Apesar do esforço da bancada petista em sustentar a narrativa de que o ambiente está pacificado na definição da chapa governista, a calmaria parece existir apenas no discurso oficial. Nos bastidores, a indicação do nome petista Washington Bandeira como favorito à vaga de vice-governador não foi digerida com a mesma serenidade por todos os aliados. Há sorrisos públicos, mas o ranger de dentes é audível para quem se dispõe a escutar.
O desconforto ganhou voz por meio do deputado estadual Felipe Sampaio (MDB) que, embora integrante da base governista, decidiu fazer o que seu pai, o vice-governador Themístocles Filho, optou por não fazer: falar.

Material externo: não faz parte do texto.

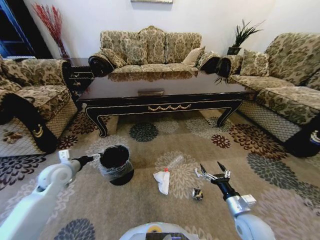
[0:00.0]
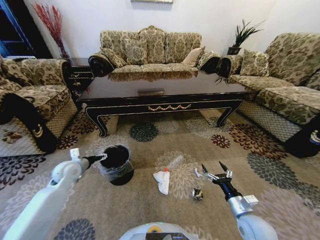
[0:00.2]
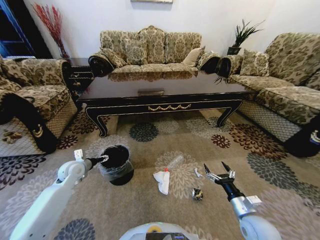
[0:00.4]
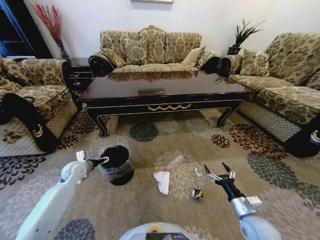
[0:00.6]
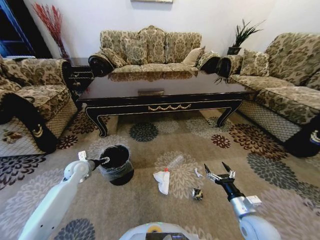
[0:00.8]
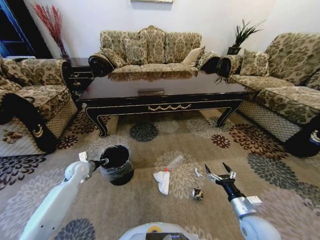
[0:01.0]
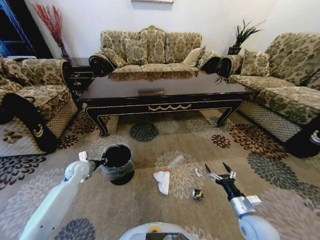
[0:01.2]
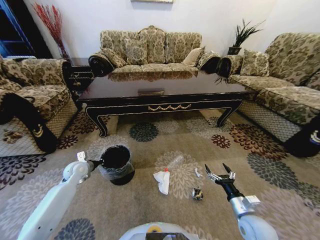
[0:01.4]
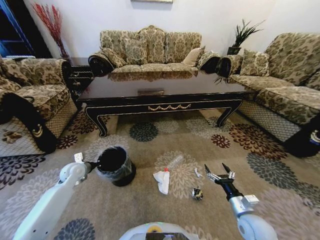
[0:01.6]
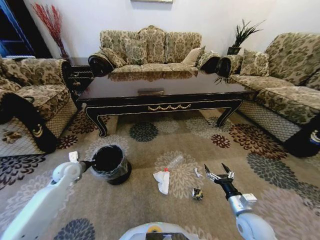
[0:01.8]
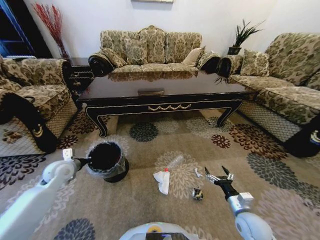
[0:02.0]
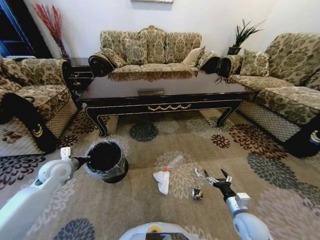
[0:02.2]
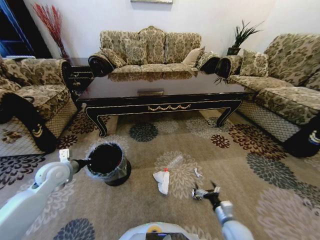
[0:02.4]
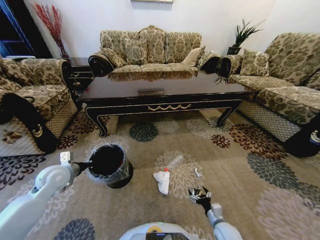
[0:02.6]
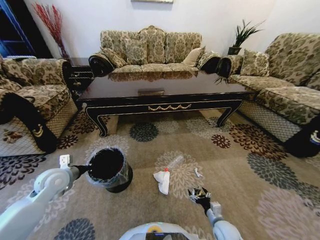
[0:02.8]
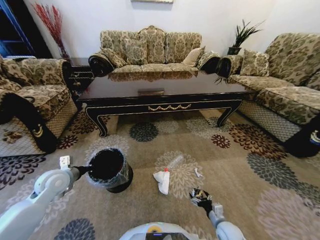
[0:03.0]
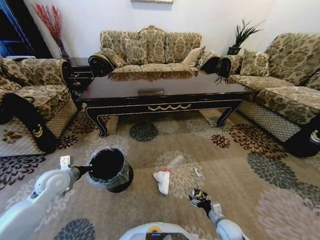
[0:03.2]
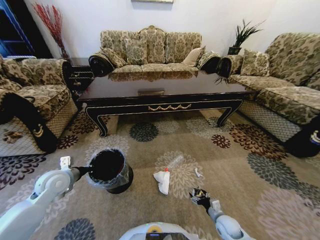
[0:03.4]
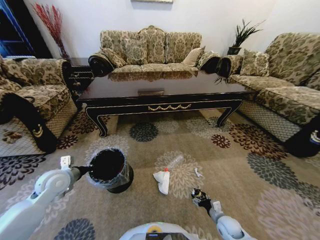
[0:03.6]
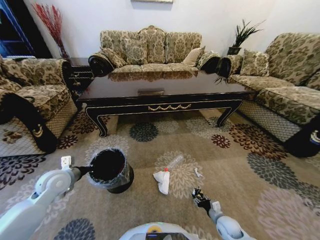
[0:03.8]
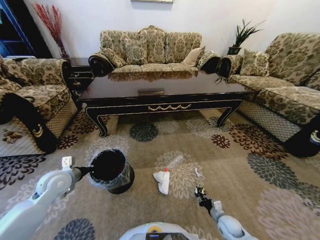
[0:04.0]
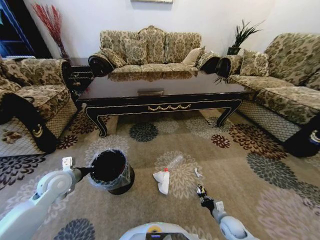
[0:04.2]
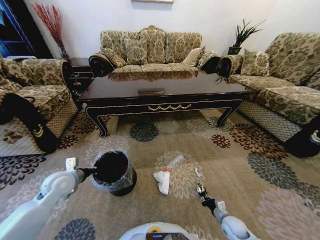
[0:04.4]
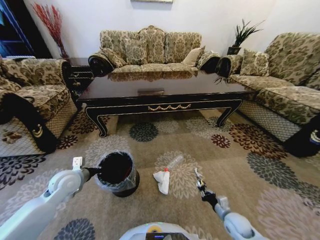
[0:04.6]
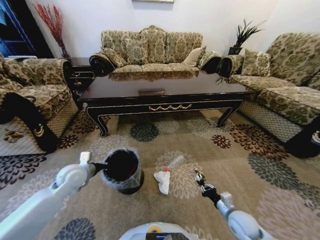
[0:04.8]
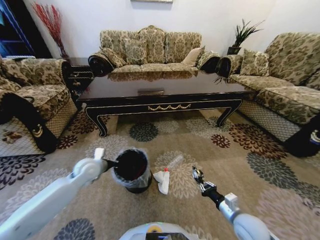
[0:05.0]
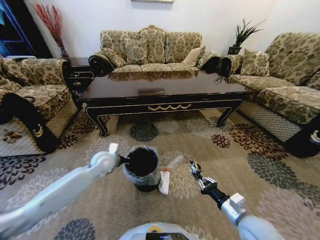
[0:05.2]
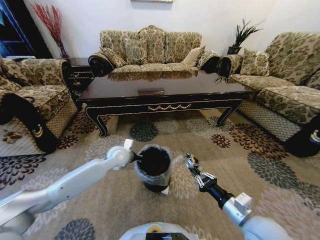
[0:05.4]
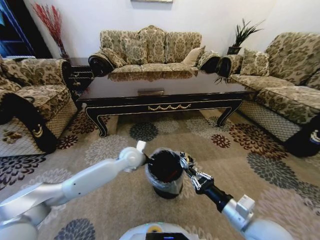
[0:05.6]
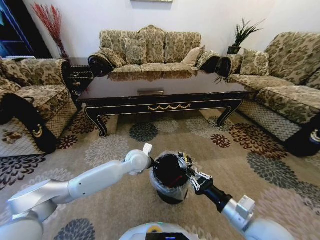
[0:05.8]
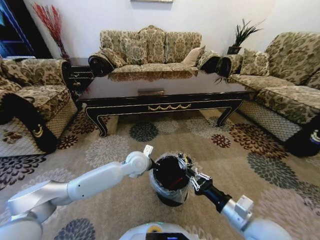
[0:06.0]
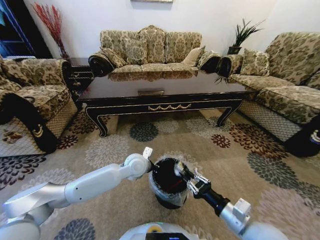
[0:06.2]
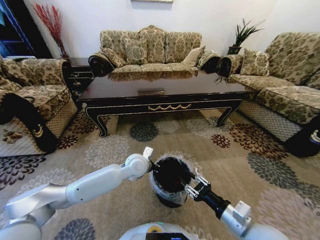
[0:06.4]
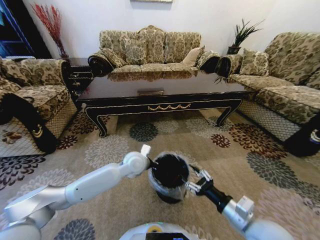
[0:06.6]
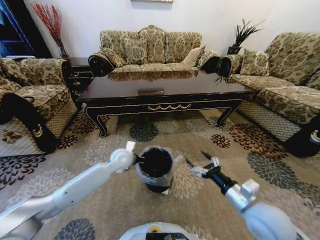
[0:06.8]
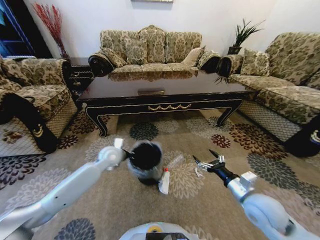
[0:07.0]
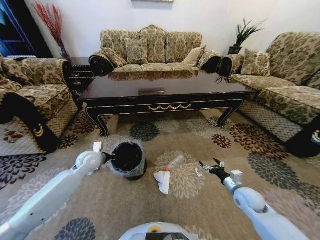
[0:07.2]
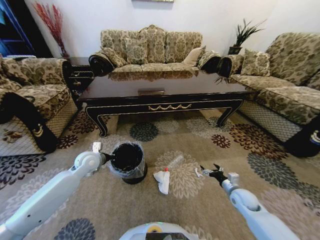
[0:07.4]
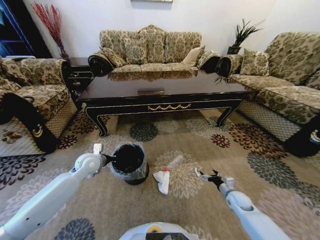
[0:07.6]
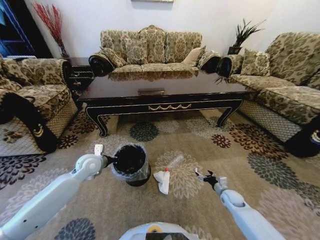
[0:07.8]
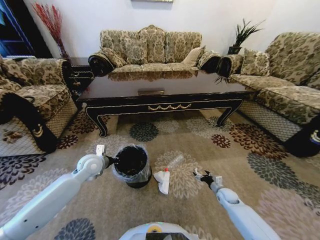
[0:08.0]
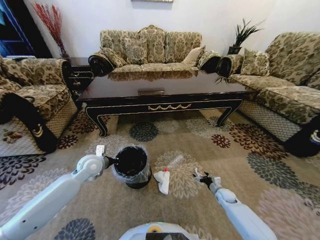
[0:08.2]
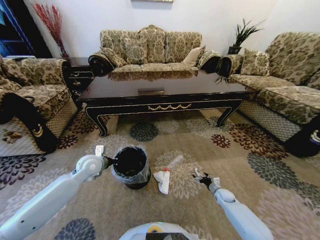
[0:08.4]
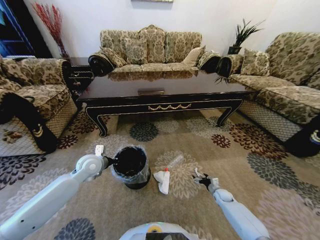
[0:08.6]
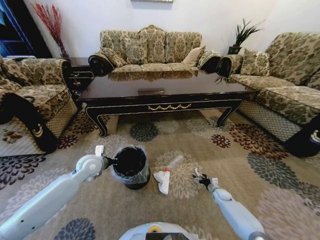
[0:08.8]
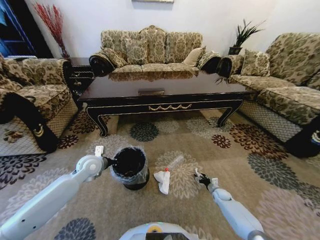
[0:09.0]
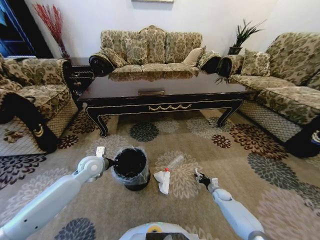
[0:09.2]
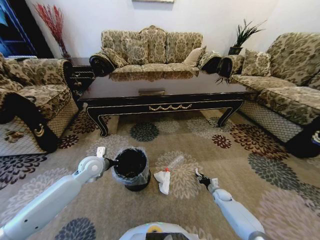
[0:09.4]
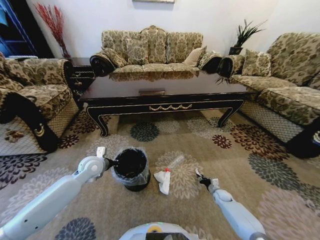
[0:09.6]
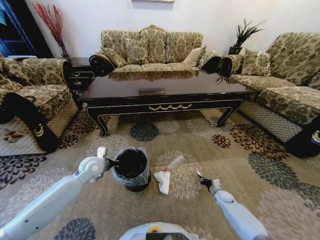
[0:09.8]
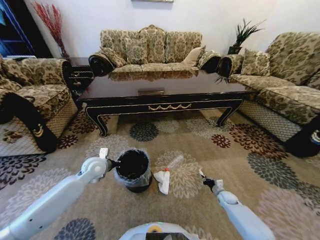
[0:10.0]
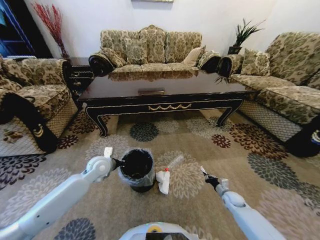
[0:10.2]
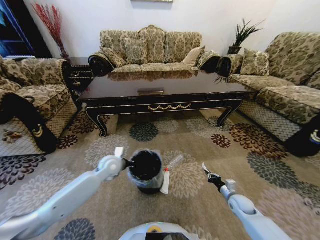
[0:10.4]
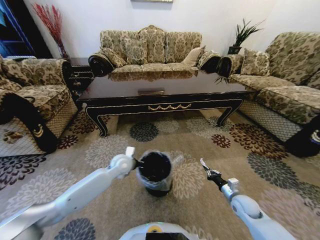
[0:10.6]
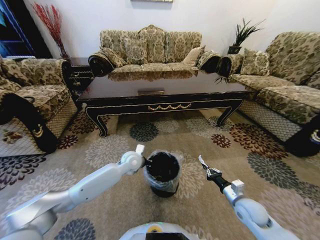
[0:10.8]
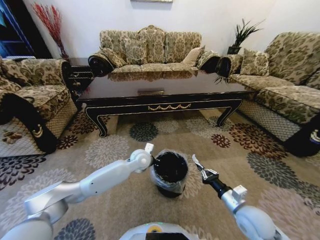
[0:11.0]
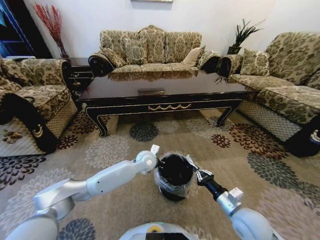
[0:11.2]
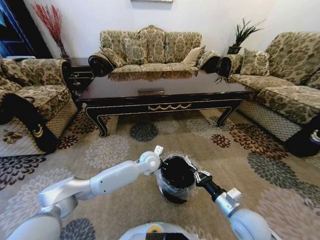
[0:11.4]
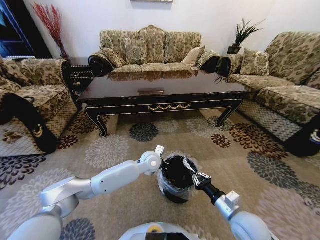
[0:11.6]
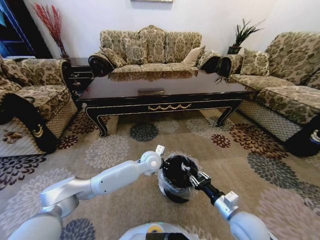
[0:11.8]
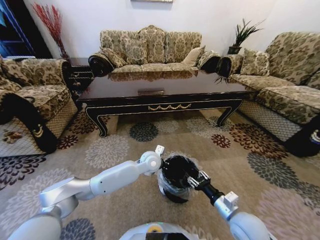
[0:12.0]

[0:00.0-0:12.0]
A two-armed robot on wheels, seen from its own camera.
Task of the whole recording: Move to the front of the table and pick up the trash from the floor, then place it into the trash bin.
0:00.0 to 0:01.6: The left gripper shifts some 10 cm downward and forward, and closes.
0:01.6 to 0:03.0: The right gripper goes roughly 15 cm downward. Meanwhile the left gripper is displaced backward and upward by about 10 cm.
0:03.0 to 0:04.4: The right gripper ends up roughly 5 cm from where it was, and closes its fingers.
0:04.4 to 0:06.0: The left gripper is displaced to the right by some 30 cm. The right gripper goes approximately 30 cm upward.
0:06.0 to 0:07.6: The right gripper travels downward, forward and to the right by roughly 30 cm, and opens its fingers. Meanwhile the left gripper is displaced to the left by about 20 cm.
0:07.6 to 0:09.0: The right gripper is displaced downward and forward by some 15 cm.
0:09.0 to 0:10.4: The right gripper moves upward and backward, about 15 cm, and closes up, while the left gripper heads to the right, covering roughly 10 cm.
0:10.4 to 0:12.0: The left gripper moves to the right, approximately 15 cm. Meanwhile the right gripper travels upward, to the left and backward by roughly 20 cm, and opens.

Em entrevistas recentes, Felipe deixou claro que o MDB não se sente contemplado pela decisão, tomada ainda em 2024, segundo o núcleo petista, de reservar a vice para o PT. A crítica é cuidadosamente embalada, mas o recado é inequívoco: o partido não engoliu a fatura sem contestação.
Themístocles, por sua vez, escolheu o silêncio como estratégia. Desde que se tornou pública sua exclusão da disputa pela vice na chapa de Rafael Fonteles, o vice-governador praticamente desapareceu do debate político. Entrevistas rarearam, aparições públicas tornaram-se episódicas e sua presença ao lado do governador é tão escassa que chega a parecer inexistente. O silêncio, nesse caso, fala alto e revela mais do que qualquer declaração protocolar.
Mas afinal, o que exatamente incomoda o MDB? O próprio Felipe Sampaio oferece a pista. Ao mesmo tempo em que reconhece o prestígio de Themístocles e elogia sua trajetória, o partido ensaia um movimento ambíguo: cutuca o governo, mas apressa-se em suavizar o gesto. Não por acaso, o líder do MDB na Assembleia Legislativa afirmou que a prioridade da legenda é garantir a Themístocles uma cadeira confortável no Legislativo em 2026, sinalizando uma compensação política.
Paralelamente, o MDB articula para que Felipe Sampaio figure como primeiro suplente do senador Marcelo Castro nas próximas eleições. Segundo lideranças do partido, as conversas envolvem diretamente o governador, numa tentativa de rearranjar forças e evitar rupturas mais profundas. Trata-se menos de rebeldia e mais de sobrevivência em um tabuleiro onde o protagonismo, mais uma vez, gravita em torno do PT.
No fundo, a insatisfação emana menos de um episódio específico e mais de uma dinâmica conhecida: o predomínio petista dentro de um governo petista. Nada exatamente novo. Na política, como na vida familiar, alianças existem, mas preferências também. E todo pai, no fim das contas, sempre tem um filho favorito.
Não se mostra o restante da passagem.